The evaluation module in MLlib makes it exceedingly simple to tune the parameters of its models. Once the hard work of the ETL and data mining process is complete, producing the final models is nearly effortless. After determining the final model coefficients and parameters, we were prepared to start generating product rankings in production. We used Databricks’ scheduling feature to run a daily job to produce product rankings for each of the members who will be receiving an email notification that day. To generate feature vectors for each member, we simply apply to the most recent data the same extractor and transformer modules that generated the original training data. This not only saved development time upfront, it avoids the problems of dual maintenance of exploration and production pipelines. It also ensures that the models are being applied under the most favorable conditions—to features that have precisely the same meaning and context as in the training data.
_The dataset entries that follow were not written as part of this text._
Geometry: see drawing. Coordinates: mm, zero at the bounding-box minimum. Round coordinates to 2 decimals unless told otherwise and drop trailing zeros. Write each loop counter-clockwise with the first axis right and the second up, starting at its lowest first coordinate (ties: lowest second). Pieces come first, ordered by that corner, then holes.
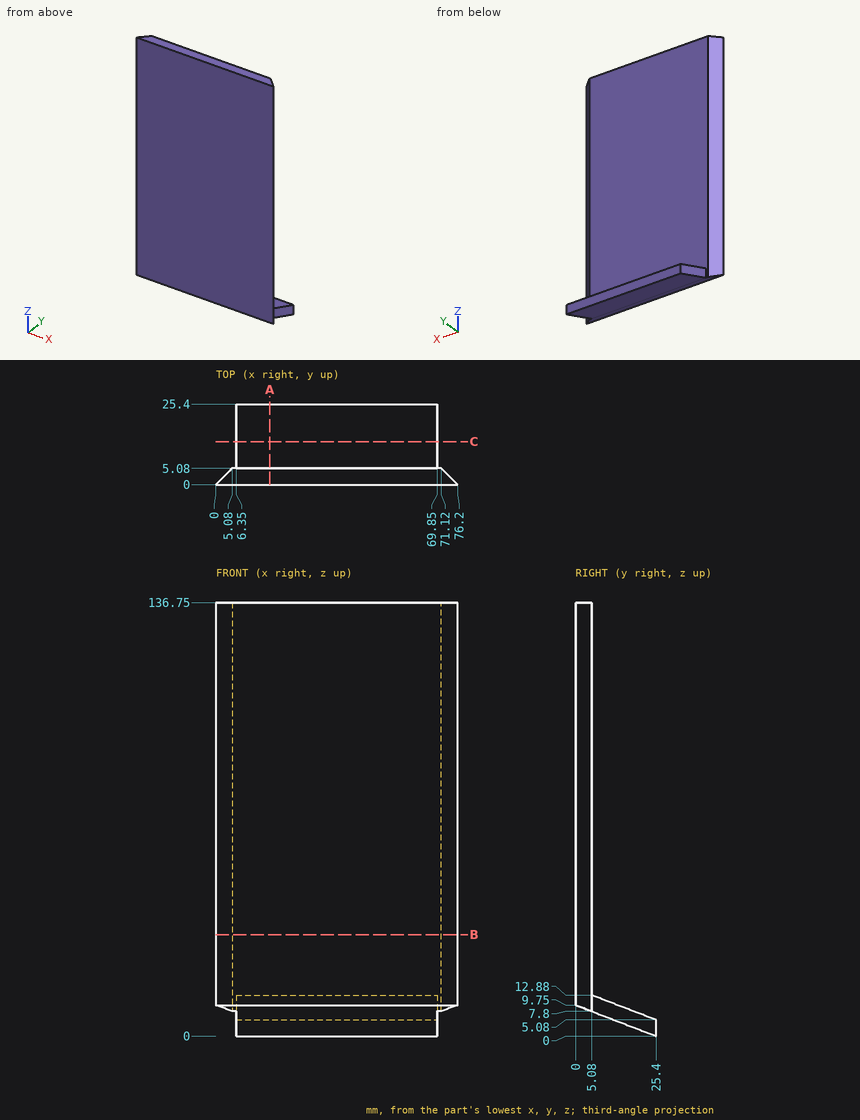
Q1. Line query: line 1 (Y direction, x = 69.5, z = 123.5); line 2 (Z direction, x = 45, y = 16.75); line 3 (Z direction, x = 13, y = 4.5). Output: solid intervals per line, ascending.
Q2. Section query C-C, the plane y = 13.5. Output: boundary loops of the cut face in (x, z).
Q3. Pin query (flat end, axial travel): P1, Ø4, axis at y = 18.5, z = 9, coming from the +X side; P2, Ø1.5, axis at x = 25, y = 5.5, coming from the -Z side; P3, Ø1, axis at y = 4.5, z = 83.5, coming from the +X side. Return the tip coordinate at first contact, or that it passes through.
Q4. Section query A-A, the plane x = 17. Output: boundary loops of the cut face in (y, z), and give its area (3 significant figures).
Q5. Section query B-B, the plane z = 32. Output: boundary loops of the cut face in (x, y), and give its area (3 significant figures).
Filled in:
1. line 1: y = 0 to 5.08
1. line 2: z = 3.32 to 8.4
1. line 3: z = 8.02 to 136.75
2. outline: (6.35, 4.57) - (69.85, 4.57) - (69.85, 9.65) - (6.35, 9.65) - close
3. P1: stops at x = 69.85
3. P2: stops at z = 7.35
3. P3: stops at x = 72.2
4. outline: (0, 9.75) - (25.4, 0) - (25.4, 5.08) - (5.08, 12.88) - (5.08, 136.75) - (0, 136.75) - close
4. area: 753 mm2
5. outline: (0, 0) - (76.2, 0) - (71.12, 5.08) - (5.08, 5.08) - close
5. area: 361 mm2

Future Plans with Databricks and Apache Spark
The product recommendation project turned out to be a great success that has encouraged us to take on similarly ambitious data projects at DSC. Databricks continues to play a vital role in supporting our development workflow, particularly for data products. Large-scale data mining has become an essential tool that we use to gather information to address strategically important questions; and the resulting predictive models can then be deployed to power smart features in production. In addition to machine learning, we have projects that employ stream-processing applications built on Spark Streaming; for example, we consume various event streams to unobtrusively collect and report metrics, or to replicate data across systems in near real-time. And, of course, a growing number of our ETL processes are being developed on Spark.